>>
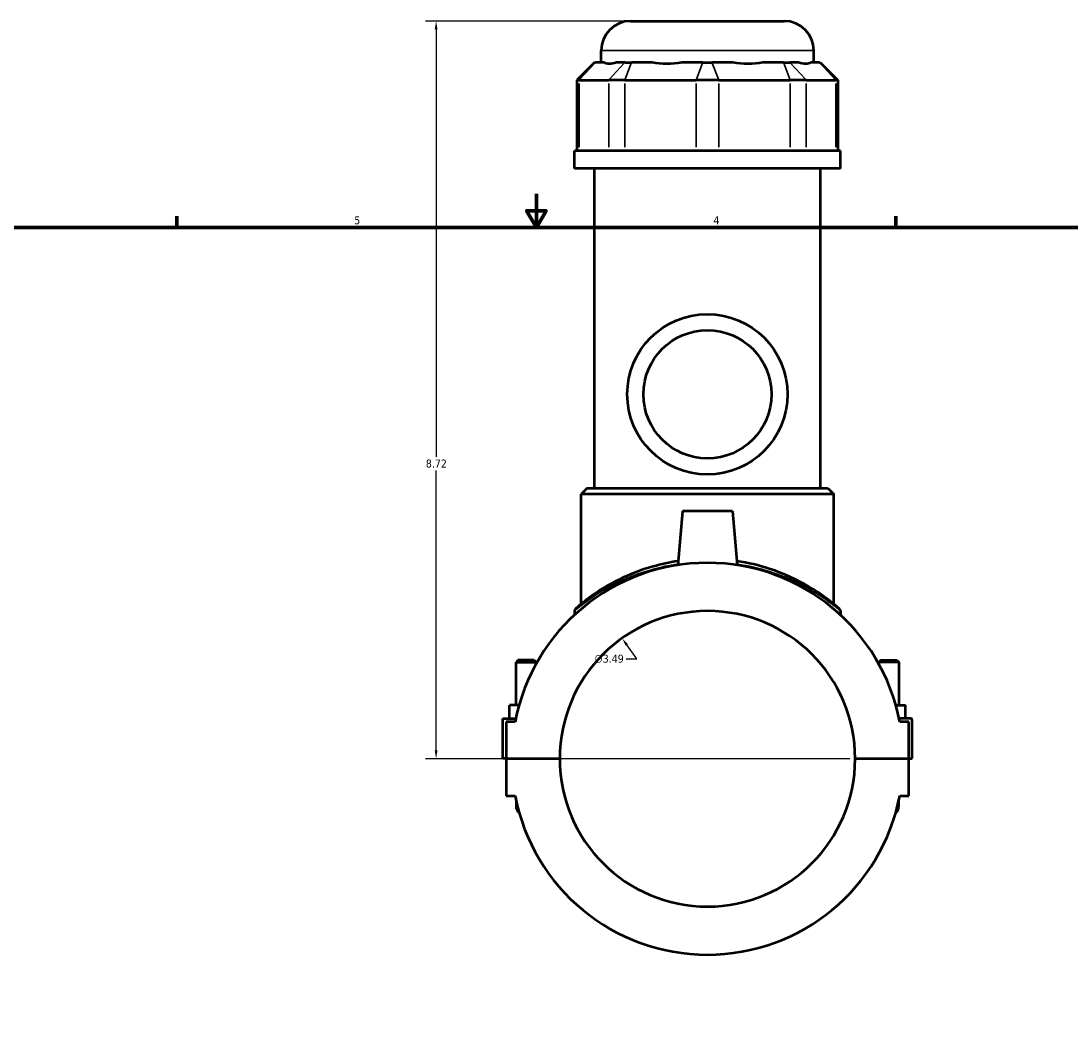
# Model space of a CAD drawing. Header units: inches. Extents: x -1.5 to 48.1, y -2 to 47.5.
# Tile 4 of 8: x 10.9 to 23.3, y 11.4 to 23.4. Entities that reach past the tile are written whole.
import ezdxf

# ---------------------------------------------------------------- set-up
doc = ezdxf.new("R2010")
doc.units = ezdxf.units.IN
doc.header["$MEASUREMENT"] = 0
for name, color, linetype, lineweight in [('Border (ANSI)', 7, 'Continuous', 70), ('Dimension (ANSI)', 7, 'Continuous', 25), ('Visible (ANSI)', 7, 'Continuous', 50), ('Visible Narrow (ANSI)', 7, 'Continuous', 35)]:
    doc.layers.add(name, color=color, linetype=linetype, lineweight=lineweight)
doc.styles.add('Note Text (ANSI)', font='tahoma.ttf')
doc.dimstyles.new('Default (ANSI)', dxfattribs={"dimtxt": 0.094488, "dimasz": 0.098425, "dimexe": 0.125, "dimexo": 0.0625, "dimgap": 0.031496, "dimtad": 0, "dimtih": 1, "dimtoh": 1, "dimrnd": 1e-08, "dimzin": 4, "dimdsep": 46, "dimtxsty": 'Note Text (ANSI)', "dimcen": 0.09, "dimdle": 0.393701, "dimclrd": 256, "dimclre": 256, "dimclrt": 5, "dimadec": 0, "dimazin": 1, "dimtfac": 1, "dimtofl": 0, "dimtmove": 0, "dimatfit": 3, "dimfxl": 1, "dimtolj": 1, "dimtzin": 4, "dimlwd": -1, "dimlwe": -1, "dimarcsym": 0})

# ---------------------------------------------------------------- blocks, each defined once
blk = doc.blocks.new('Borders Default Border')
at = {"layer": 'Border (ANSI)'}
for p, q in [((12.75, 21), (12.75, 21.134)), ((21.25, 21), (21.25, 21.134))]:
    blk.add_line(p, q, dxfattribs=at)
at = {"layer": 'Border (ANSI)', "flags": 128}
for points in [[(17, 21.4), (17, 21), (16.885, 21.2), (17.115, 21.2), (17, 21)], [(0.5, 1), (0.5, 21), (33.5, 21), (33.5, 1), (0.5, 1)]]:
    blk.add_lwpolyline(points, dxfattribs=at)
at = {"layer": 'Border (ANSI)', "color": 5, "true_color": 0x0000ff, "char_height": 0.0945, "attachment_point": 7, "style": 'Note Text (ANSI)'}
for s, insert in [('5', (14.847, 21.038)), ('4', (19.092, 21.04))]:
    blk.add_mtext(s, dxfattribs=dict(at, insert=insert))
blk = doc.blocks.new('*D8')
at = {"layer": 'Defpoints', "color": 0, "transparency": 16777216}
for p in [(18.013, 16.15), (20.031, 13.3)]:
    blk.add_point(p, dxfattribs=at)
at = {"layer": 'Dimension (ANSI)', "transparency": 16777216}
for p, q in [((18.187, 15.904), (18.07, 16.07)), ((18.062, 15.904), (18.187, 15.904))]:
    blk.add_line(p, q, dxfattribs=at)
blk.add_solid([(18.083, 16.08), (18.056, 16.061), (18.013, 16.15)], dxfattribs=at)
at = {"layer": 'Dimension (ANSI)', "color": 5, "transparency": 16777216, "insert": (17.687, 15.955), "char_height": 0.0945, "attachment_point": 1, "style": 'Note Text (ANSI)'}
blk.add_mtext('\\A1;∅3.49', dxfattribs=at)
blk = doc.blocks.new('*D10')
at = {"layer": 'Defpoints', "color": 0, "transparency": 16777216}
for p in [(15.815, 23.441), (18.114, 23.441), (20.768, 14.725)]:
    blk.add_point(p, dxfattribs=at)
at = {"layer": 'Dimension (ANSI)', "transparency": 16777216}
for p, q in [((18.051, 23.441), (15.69, 23.441)), ((15.815, 23.343), (15.815, 18.291)), ((15.815, 14.824), (15.815, 18.129)), ((20.705, 14.725), (15.69, 14.725))]:
    blk.add_line(p, q, dxfattribs=at)
for points in [[(15.799, 23.343), (15.832, 23.343), (15.815, 23.441)], [(15.799, 14.824), (15.832, 14.824), (15.815, 14.725)]]:
    blk.add_solid(points, dxfattribs=at)
at = {"layer": 'Dimension (ANSI)', "color": 5, "transparency": 16777216, "insert": (15.694, 18.26), "char_height": 0.0945, "attachment_point": 1, "style": 'Note Text (ANSI)'}
blk.add_mtext('\\A1;8.72', dxfattribs=at)

msp = doc.modelspace()

# ---------------------------------------------------------------- linework, layer by layer
at = {"layer": 'Visible (ANSI)'}
for p, q in [((18.114, 23.441), (19.93, 23.441)), ((17.765, 22.953), (17.765, 23.092)), ((20.279, 22.953), (20.279, 23.092)), ((17.689, 22.953), (17.479, 22.744)), ((17.689, 22.953), (17.699, 22.953)), ((17.8, 22.953), (17.699, 22.953)), ((18.049, 22.953), (17.948, 22.953)), ((18.049, 22.953), (18.124, 22.953)), ((18.368, 22.953), (18.124, 22.953)), ((18.968, 22.953), (18.724, 22.953)), ((18.968, 22.953), (19.075, 22.953)), ((19.319, 22.953), (19.075, 22.953)), ((19.919, 22.953), (19.675, 22.953)), ((19.919, 22.953), (19.995, 22.953)), ((20.096, 22.953), (19.995, 22.953)), ((20.344, 22.953), (20.243, 22.953)), ((20.344, 22.953), (20.355, 22.953)), ((20.355, 22.953), (20.565, 22.744)), ((17.506, 22.744), (17.479, 22.744)), ((17.479, 22.744), (17.479, 21.908)), ((17.506, 22.744), (17.855, 22.744)), ((18.044, 22.744), (17.855, 22.744)), ((18.044, 22.744), (18.888, 22.744)), ((19.155, 22.744), (18.888, 22.744)), ((19.155, 22.744), (19.999, 22.744)), ((20.188, 22.744), (19.999, 22.744)), ((20.188, 22.744), (20.538, 22.744)), ((20.565, 22.744), (20.538, 22.744)), ((20.565, 22.744), (20.565, 21.908)), ((20.593, 21.908), (17.45, 21.908)), ((17.45, 21.699), (17.45, 21.908)), ((20.593, 21.699), (20.593, 21.908)), ((20.593, 21.699), (17.45, 21.699)), ((17.686, 17.923), (17.686, 21.699)), ((20.358, 17.923), (20.358, 21.699)), ((17.599, 17.923), (17.529, 17.853)), ((17.599, 17.923), (20.445, 17.923)), ((20.445, 17.923), (20.515, 17.853)), ((20.515, 17.853), (17.529, 17.853)), ((17.529, 16.554), (17.529, 17.853)), ((20.515, 16.554), (20.515, 17.853)), ((18.727, 17.652), (18.671, 17.014)), ((19.317, 17.652), (18.727, 17.652)), ((19.317, 17.652), (19.373, 17.014)), ((17.45, 16.471), (17.45, 16.426)), ((20.593, 16.471), (20.593, 16.426)), ((16.784, 15.891), (16.76, 15.868)), ((16.973, 15.891), (16.784, 15.891)), ((16.973, 15.891), (16.996, 15.868)), ((21.071, 15.891), (21.048, 15.868)), ((21.071, 15.891), (21.26, 15.891)), ((21.26, 15.891), (21.284, 15.868)), ((16.76, 15.868), (16.996, 15.868)), ((16.76, 15.359), (16.76, 15.868)), ((16.996, 15.847), (16.996, 15.868)), ((21.284, 15.868), (21.048, 15.868)), ((21.048, 15.868), (21.048, 15.847)), ((21.284, 15.868), (21.284, 15.359)), ((16.681, 15.201), (16.681, 15.359)), ((16.795, 15.359), (16.681, 15.359)), ((21.249, 15.359), (21.362, 15.359)), ((21.362, 15.201), (21.362, 15.359)), ((16.602, 15.201), (16.756, 15.201)), ((16.602, 14.727), (16.602, 15.201)), ((16.748, 15.162), (16.642, 15.162)), ((16.642, 15.162), (16.642, 14.727)), ((21.422, 15.201), (21.288, 15.201)), ((21.402, 15.162), (21.296, 15.162)), ((21.402, 14.727), (21.402, 15.162)), ((21.441, 14.727), (21.441, 15.181)), ((16.642, 14.727), (16.602, 14.727)), ((16.642, 14.727), (17.276, 14.727)), ((16.642, 14.723), (16.642, 14.289)), ((17.276, 14.723), (16.642, 14.723)), ((16.76, 14.723), (16.76, 14.727)), ((16.996, 14.723), (16.996, 14.727)), ((20.768, 14.727), (21.402, 14.727)), ((21.402, 14.723), (20.768, 14.723)), ((21.048, 14.727), (21.048, 14.723)), ((21.284, 14.727), (21.284, 14.723)), ((21.402, 14.727), (21.441, 14.727)), ((21.402, 14.289), (21.402, 14.723)), ((16.642, 14.289), (16.748, 14.289)), ((21.296, 14.289), (21.402, 14.289)), ((16.76, 14.231), (16.76, 14.171)), ((21.284, 14.171), (21.284, 14.231))]:
    msp.add_line(p, q, dxfattribs=at)
for radius in [0.947, 0.757]:
    msp.add_circle((19.022, 19.031), radius, dxfattribs=at)
for centre, radius, start, end in [((18.114, 23.092), 0.349, 90, 180), ((19.93, 23.092), 0.349, 0, 90), ((19.022, 14.725), 2.315, 10.8674, 169.1326), ((19.022, 14.725), 1.746, 0.0646, 179.9354), ((17.485, 16.471), 0.0349, 131.3503, 180), ((20.558, 16.471), 0.0349, 0, 48.6497), ((21.422, 15.181), 0.0197, 0, 90), ((19.022, 14.725), 1.746, 180.0646, 359.9354), ((19.022, 14.725), 2.315, 190.8674, 349.1326), ((16.878, 14.171), 0.118, 180, 226.5932), ((21.166, 14.171), 0.118, 313.4068, 0)]:
    msp.add_arc(centre, radius, start, end, dxfattribs=at)
for major_axis, ratio, start_param, end_param in [((-1.233, -1.233), 0.198912, 0.042463, 0.350237), ((1.045, 1.045), 0.668179, 3.576754, 3.884528), ((1.045, -1.045), 0.668179, 5.54025, 5.848024), ((1.233, -1.233), 0.198912, 5.932949, 6.240723)]:
    msp.add_ellipse((19.022, 24.196), major_axis=major_axis, ratio=ratio, start_param=start_param, end_param=end_param, dxfattribs=at)
for points, knots in [([(18.675, 17.06), (18.572, 17.045), (18.473, 17.023), (18.232, 16.955), (18.099, 16.902), (17.844, 16.777), (17.73, 16.704), (17.608, 16.616), (17.578, 16.593), (17.514, 16.542), (17.487, 16.519), (17.466, 16.501), (17.462, 16.497), (17.462, 16.497)], [19.908805, 19.908805, 19.908805, 19.908805, 20.705916, 20.705916, 21.958058, 21.958058, 23.435366, 23.435366, 24.023515, 24.023515, 24.918804, 24.918804, 25.373097, 25.373097, 25.373097, 25.373097]), ([(20.581, 16.497), (20.581, 16.497), (20.568, 16.509), (20.514, 16.555), (20.469, 16.592), (20.356, 16.674), (20.292, 16.717), (20.089, 16.836), (19.932, 16.912), (19.632, 17.009), (19.503, 17.04), (19.369, 17.06)], [25.373097, 25.373097, 25.373097, 25.373097, 26.239027, 26.239027, 27.263309, 27.263309, 28.190525, 28.190525, 29.791632, 29.791632, 30.837344, 30.837344, 30.837344, 30.837344])]:
    msp.add_open_spline(points, degree=3, knots=knots, dxfattribs=at)
at = {"layer": 'Visible Narrow (ANSI)'}
for p, q in [((20.264, 23.092), (17.78, 23.092)), ((17.69, 22.943), (17.515, 22.754)), ((18.039, 22.943), (17.865, 22.754)), ((18.12, 22.943), (18.048, 22.754)), ((18.964, 22.943), (18.892, 22.754)), ((19.079, 22.943), (19.151, 22.754)), ((19.923, 22.943), (19.995, 22.754)), ((20.004, 22.943), (20.179, 22.754)), ((20.354, 22.943), (20.528, 22.754)), ((17.506, 21.95), (17.506, 22.702)), ((17.855, 22.702), (17.855, 21.95)), ((18.044, 21.95), (18.044, 22.702)), ((18.888, 22.702), (18.888, 21.95)), ((19.155, 21.95), (19.155, 22.702)), ((19.999, 22.702), (19.999, 21.95)), ((20.188, 21.95), (20.188, 22.702)), ((20.538, 22.702), (20.538, 21.95))]:
    msp.add_line(p, q, dxfattribs=at)
for points, knots in [([(17.45, 16.471), (17.45, 16.471), (17.454, 16.474), (17.475, 16.492), (17.502, 16.515), (17.567, 16.565), (17.597, 16.588), (17.72, 16.674), (17.835, 16.747), (18.092, 16.87), (18.226, 16.922), (18.469, 16.989), (18.569, 17.011), (18.672, 17.026)], [-25.373097, -25.373097, -25.373097, -25.373097, -24.918804, -24.918804, -24.023515, -24.023515, -23.435366, -23.435366, -21.958058, -21.958058, -20.705916, -20.705916, -19.909808, -19.909808, -19.909808, -19.909808]), ([(19.372, 17.026), (19.507, 17.006), (19.637, 16.975), (19.938, 16.88), (20.097, 16.805), (20.301, 16.688), (20.366, 16.645), (20.48, 16.564), (20.526, 16.528), (20.58, 16.483), (20.593, 16.471), (20.593, 16.471)], [-30.83634, -30.83634, -30.83634, -30.83634, -29.791632, -29.791632, -28.190525, -28.190525, -27.263309, -27.263309, -26.239027, -26.239027, -25.373097, -25.373097, -25.373097, -25.373097])]:
    msp.add_open_spline(points, degree=3, knots=knots, dxfattribs=at)

# ---------------------------------------------------------------- block references
msp.add_blockref('Borders Default Border', (0, 0))

# ---------------------------------------------------------------- dimensions: what is measured, and where the dimension line sits
at = {"layer": 'Dimension (ANSI)'}
dim = msp.add_linear_dim(base=(15.815, 23.441), p1=(20.768, 14.725), p2=(18.114, 23.441), angle=90, dimstyle='Default (ANSI)', override={"dimgap": 0.031496, "dimdec": 2, "dimtol": 0, "dimlim": 0, "dimtp": 0, "dimtm": 0, "dimtdec": 2, "dimatfit": 1}, dxfattribs=at)
dim.commit()
dim.dimension.update_dxf_attribs({"geometry": '*D10', "text_midpoint": (15.815, 18.21), "dimtype": 160})
dim = msp.add_diameter_dim_2p(p1=(20.031, 13.3), p2=(18.013, 16.15), dimstyle='Default (ANSI)', override={"dimgap": 0.031496, "dimdec": 2, "dimlfac": 1, "dimtol": 0, "dimlim": 0, "dimtp": 0, "dimtm": 0, "dimtdec": 2}, dxfattribs=at)
dim.commit()
dim.dimension.update_dxf_attribs({"geometry": '*D8', "text_midpoint": (17.859, 15.904), "dimtype": 163})

doc.saveas('drawing.dxf')
<<
→ **Aim of the exercise**:
Copy word for word every line from the start of the material through the line holding "doc.styles.add('Note Text (ANSI)', font='tahoma.ttf')". The pictures are not part of the copy.

→ **Reply to the exercise**:
# Model space of a CAD drawing. Header units: inches. Extents: x -1.5 to 48.1, y -2 to 47.5.
# Tile 4 of 8: x 10.9 to 23.3, y 11.4 to 23.4. Entities that reach past the tile are written whole.
import ezdxf

# ---------------------------------------------------------------- set-up
doc = ezdxf.new("R2010")
doc.units = ezdxf.units.IN
doc.header["$MEASUREMENT"] = 0
for name, color, linetype, lineweight in [('Border (ANSI)', 7, 'Continuous', 70), ('Dimension (ANSI)', 7, 'Continuous', 25), ('Visible (ANSI)', 7, 'Continuous', 50), ('Visible Narrow (ANSI)', 7, 'Continuous', 35)]:
    doc.layers.add(name, color=color, linetype=linetype, lineweight=lineweight)
doc.styles.add('Note Text (ANSI)', font='tahoma.ttf')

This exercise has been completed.